Since the late 1940s, folk musicians had gathered at the fountain in Washington Square Park. They brought their guitars and autoharps to play and sing songs. It was peaceable enough but some residents thought the Sunday gatherings brought “undesirables” to the neighborhood—by undesirables they meant African-Americans.

In April 1961, the new Commissioner of Parks Newbold Morris decided to take action. He banned singing in Washington Square Park. As Ted White later reported the events of that fateful day in the park in Rogue magazine, August 1961:

For seventeen years folksingers had been congregating on warm Sunday afternoons at the fountain in the center of the small park, unslinging their guitars and banjos and quietly singing songs.

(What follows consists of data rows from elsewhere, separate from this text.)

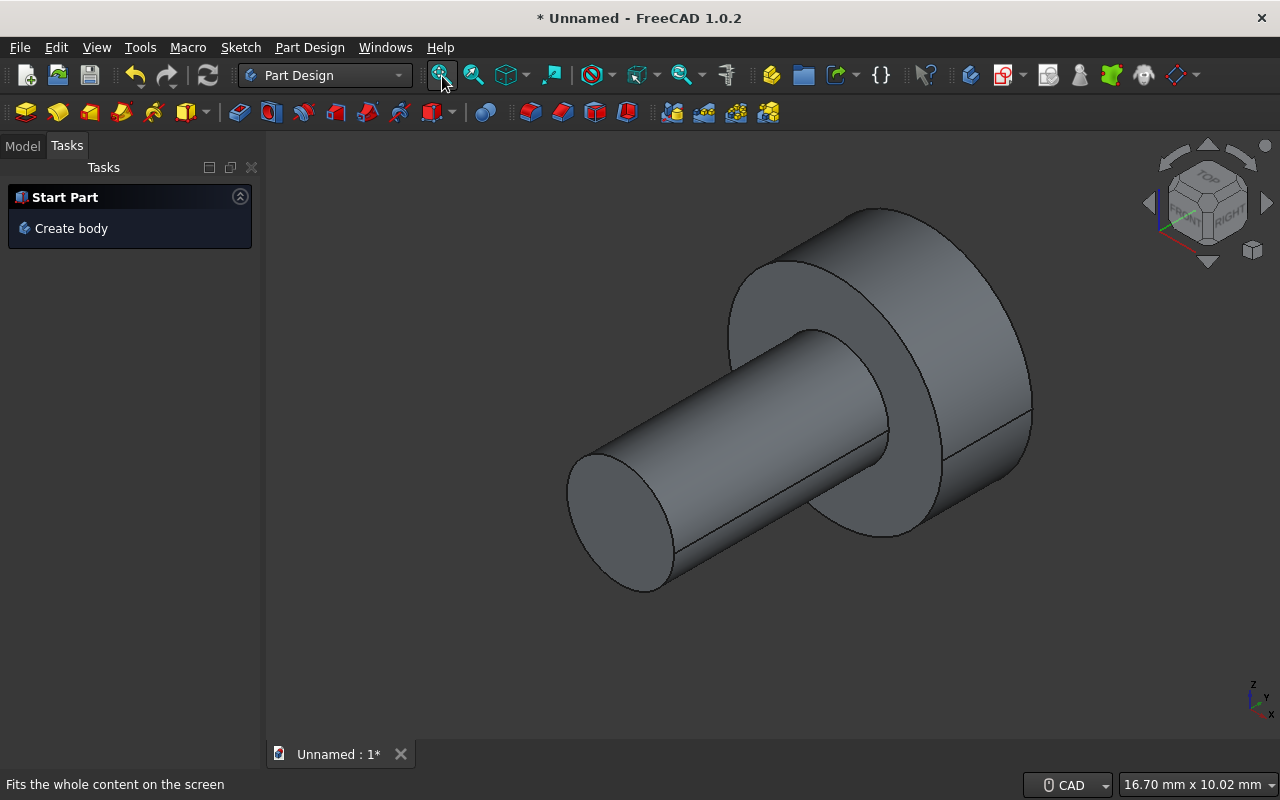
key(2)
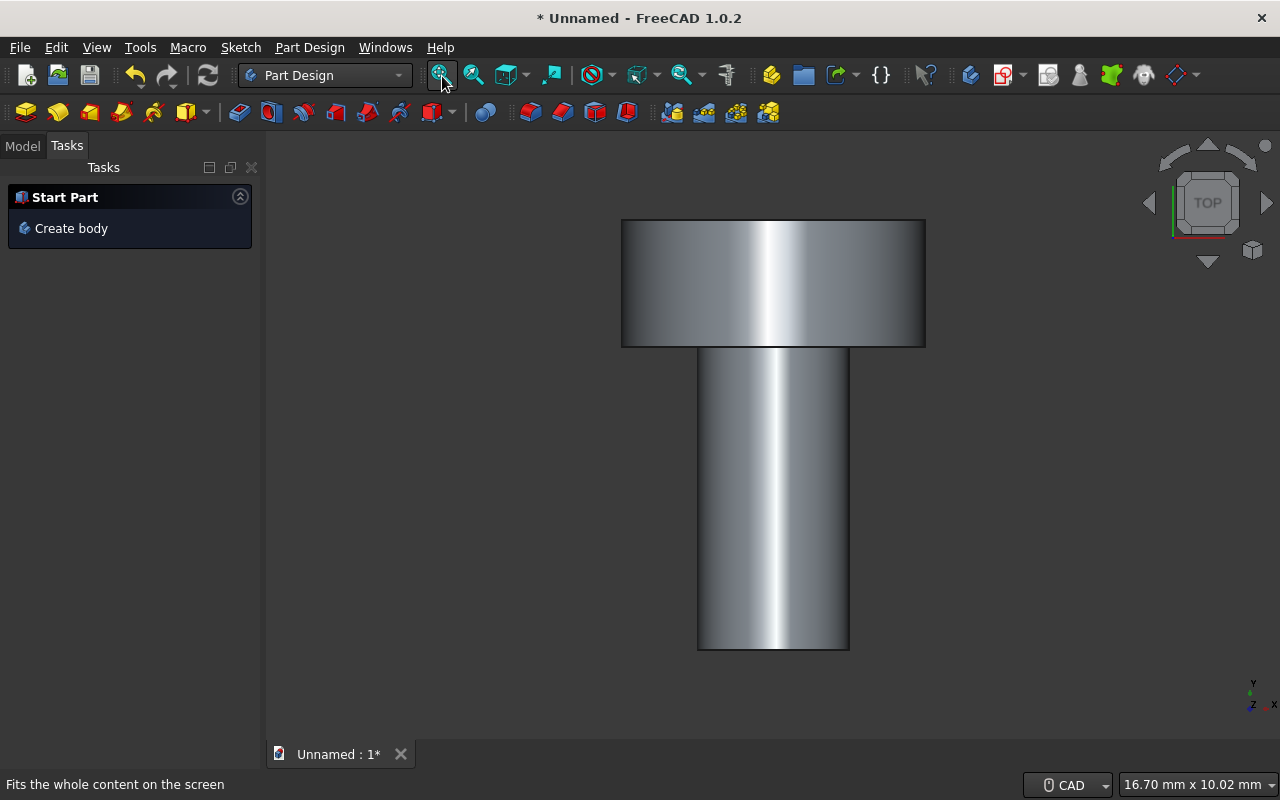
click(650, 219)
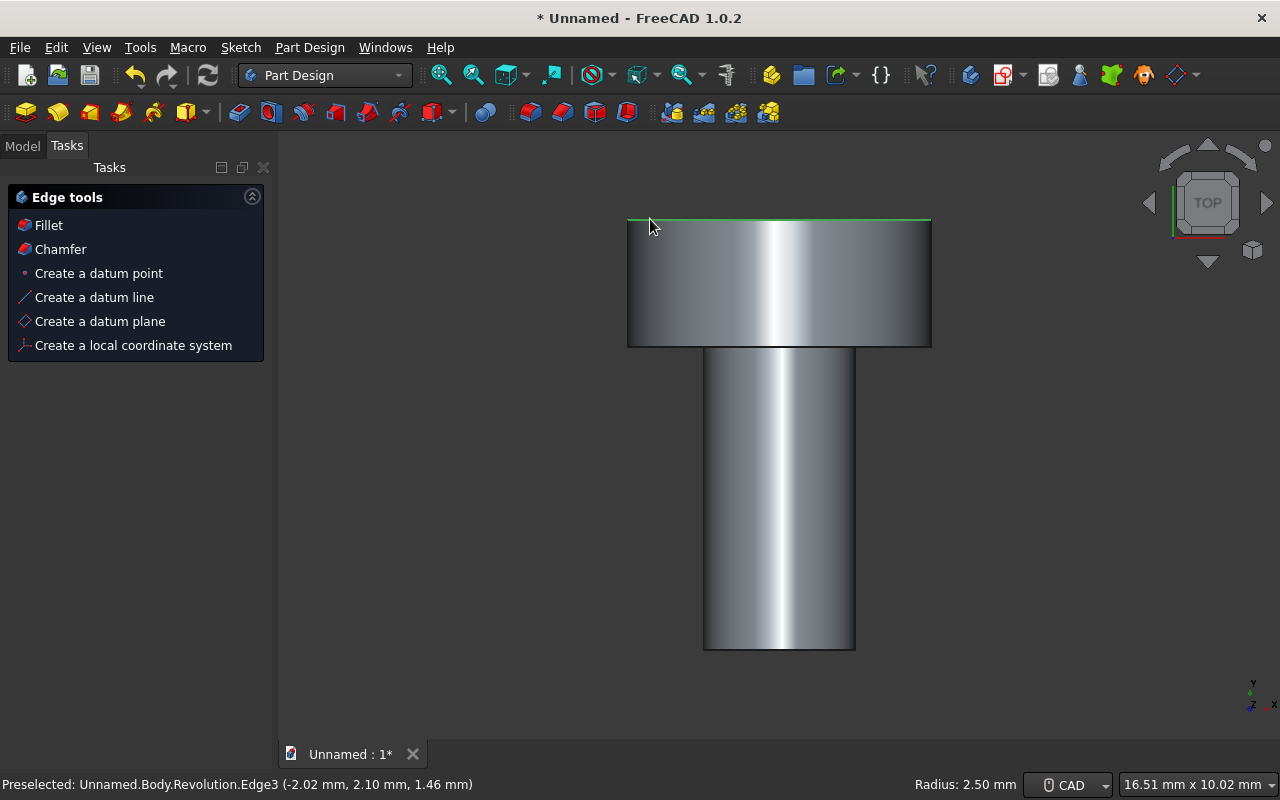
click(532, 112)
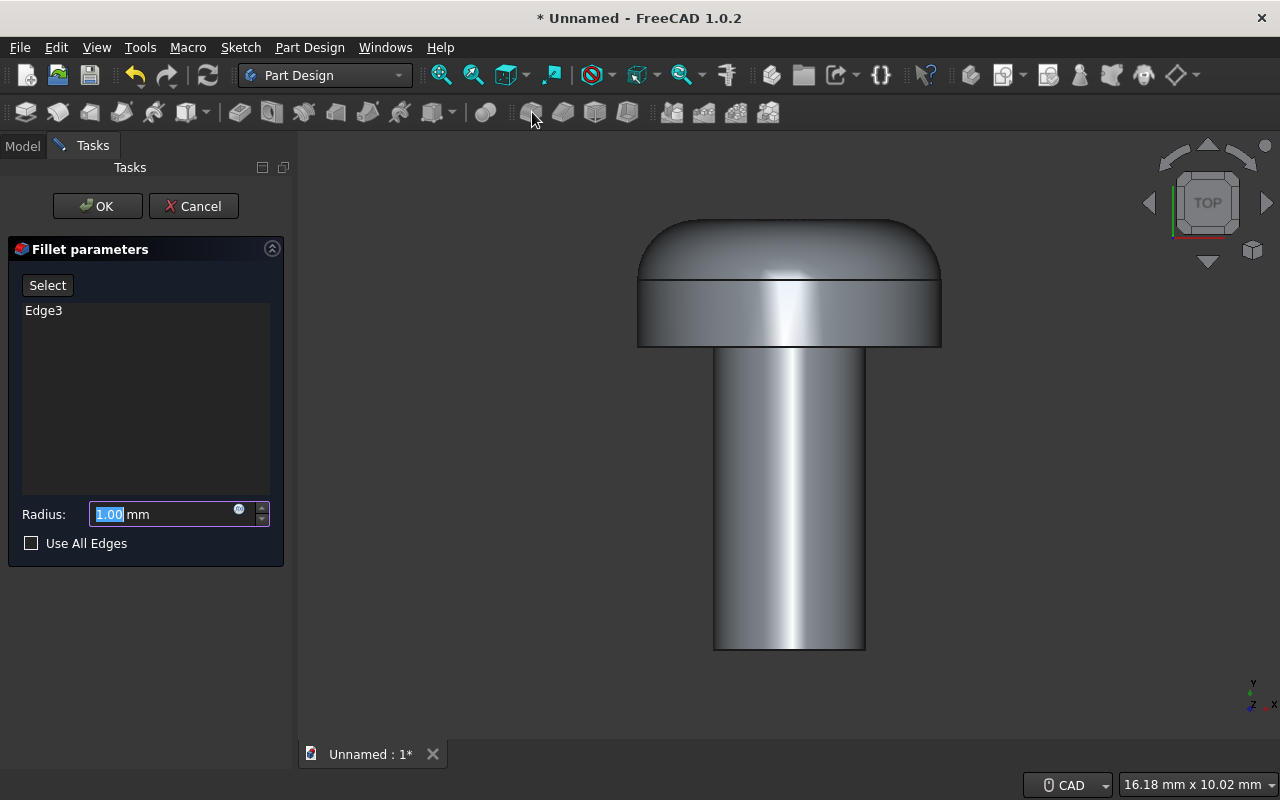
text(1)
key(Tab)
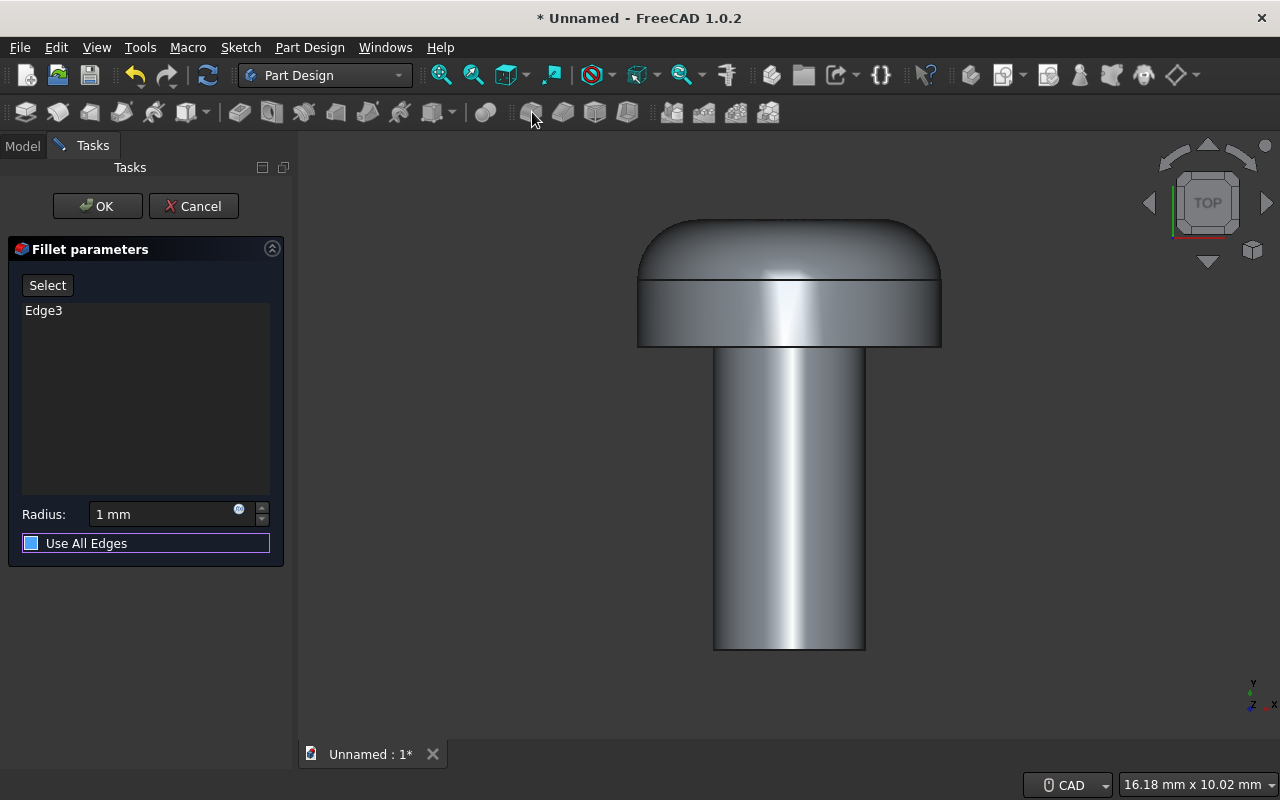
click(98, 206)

There would be a varied number of groups—perhaps ten or more—rimming the fountain, each singing a particular variety of folk music, from Negro work songs and blues to Kentucky hillbilly bluegrass, with perhaps an Elizabethan ballad from the West Virginia hills thrown in occasionally. As the years passed, the city government began showing an increasing hostility to the use of public facilities by the public, and for the last fourteen years, permits have been required before “public performances” could be given in any park. What this means is that a group of kids singing to each other on a weekday evening would be forcibly silenced by the ever-patrolling police for failing to possess a “permit,” or a young man playing a harmonica to himself quietly while sitting on a park bench might be suddenly ordered, “Move on, you!” and find himself run out of the park.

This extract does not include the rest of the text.